This was a retrospective analysis of multicenter study in 3 hospitals in Liaoning Province, northeast of China, which included 232 cases from September 2019 to December 2020. The training cohort included 130 patients from Shengjing Hospital of China Medical University, and the validation cohort was 102 patients from the First Affiliated Hospital of Jinzhou Medical University and the General Hospital of Angang Group (Fig. 1). The inclusion criteria for IMN were as follows: (i) patients with MN diagnosed by renal biopsy or a positive anti-PLA2R antibody test with NS. (ii) age 18 to 75 years. (iii) a follow-up time ≥ 24 months and with complete data which was obtained in our institution.

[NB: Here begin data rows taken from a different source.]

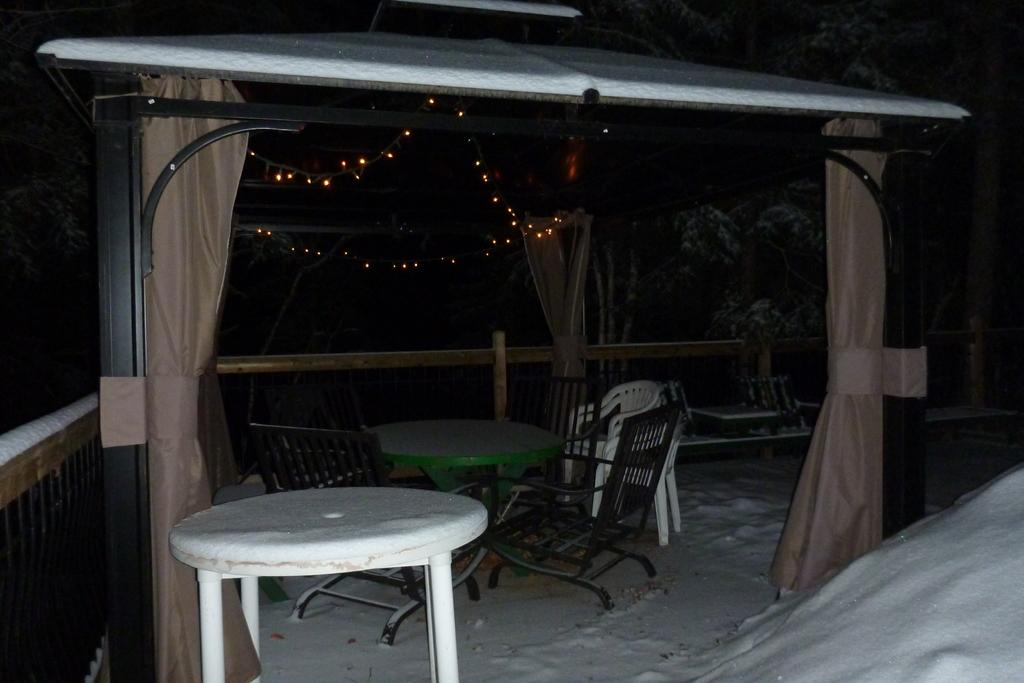What type of furniture is present in the image? There are tables, chairs, and benches in the image. What type of window treatment can be seen in the image? There are curtains in the image. What type of architectural elements are present in the image? There are poles in the image. What type of lighting is visible in the background of the image? There are string lights in the background of the image. What can be seen in the distance in the image? There are trees in the background of the image. What type of pancake is being served in the image? There is no pancake present in the image. What subject is being taught in the class depicted in the image? There is no class depicted in the image. 
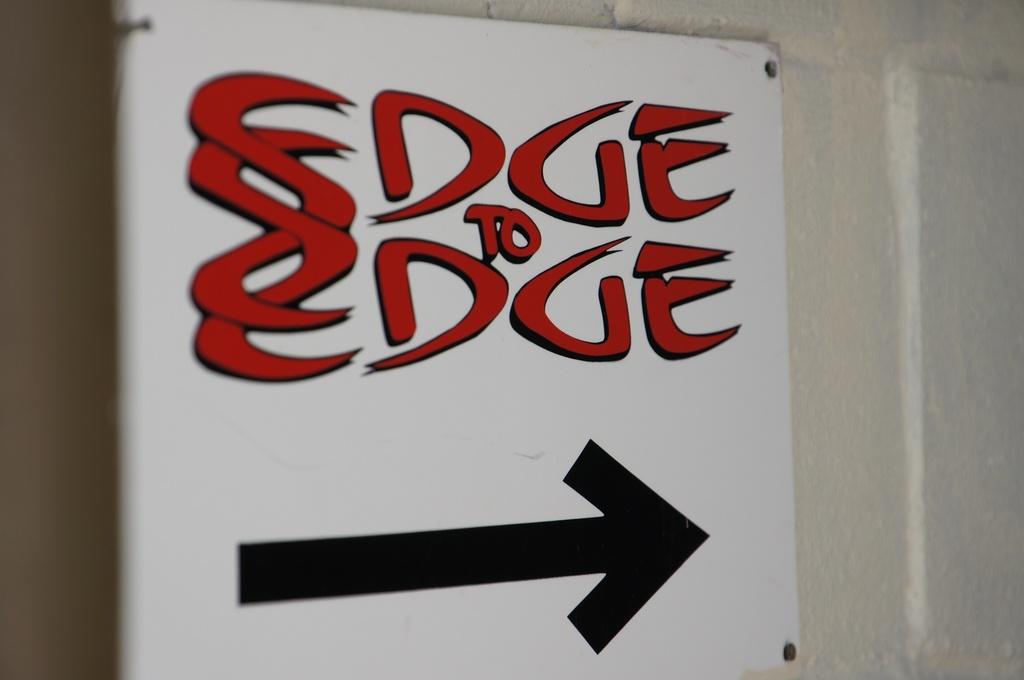What does this tell you?
Offer a terse response. Edge to edge. 
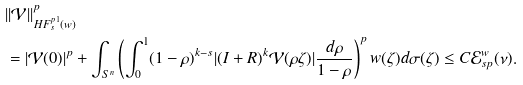<formula> <loc_0><loc_0><loc_500><loc_500>& | | { \mathcal { V } } | | _ { H F _ { s } ^ { p 1 } ( w ) } ^ { p } \\ & = | { \mathcal { V } } ( 0 ) | ^ { p } + \int _ { { S } ^ { n } } \left ( \int _ { 0 } ^ { 1 } ( 1 - \rho ) ^ { k - s } | ( I + R ) ^ { k } { \mathcal { V } } ( \rho \zeta ) | \frac { d \rho } { 1 - \rho } \right ) ^ { p } w ( \zeta ) d \sigma ( \zeta ) \leq C { \mathcal { E } } _ { s p } ^ { w } ( \nu ) .</formula> 
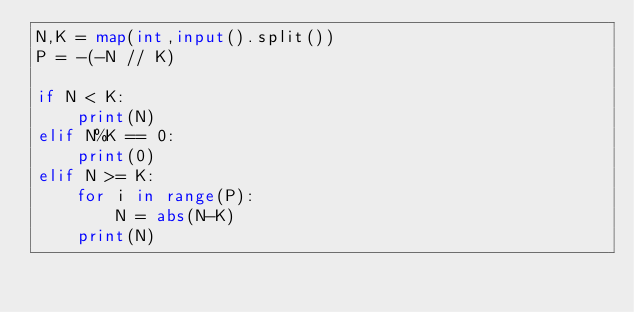Convert code to text. <code><loc_0><loc_0><loc_500><loc_500><_Python_>N,K = map(int,input().split())
P = -(-N // K)

if N < K:
    print(N)
elif N%K == 0:
    print(0)
elif N >= K:
    for i in range(P):
        N = abs(N-K)
    print(N)   </code>

The exclusion criteria were as follows: (i) secondary membranous nephropathy (SMN), including those with autoimmune disease, infection, malignancy, drug and heavy metal poisoning related MN. (ii) corticosteroids or immunosuppressants were applied before the start of the study. (iii) follow-up periods less than 24 months, or with missing data. iiii. patients with serious mental illness that is difficult to cooperate with treatment, and pregnant or lactating women. This study had been approved by the Ethics Committee of Shengjing Hospital affiliated to China Medical University, and informed consent was waived because it was a retrospective study(the ethics number: 2023PS847K).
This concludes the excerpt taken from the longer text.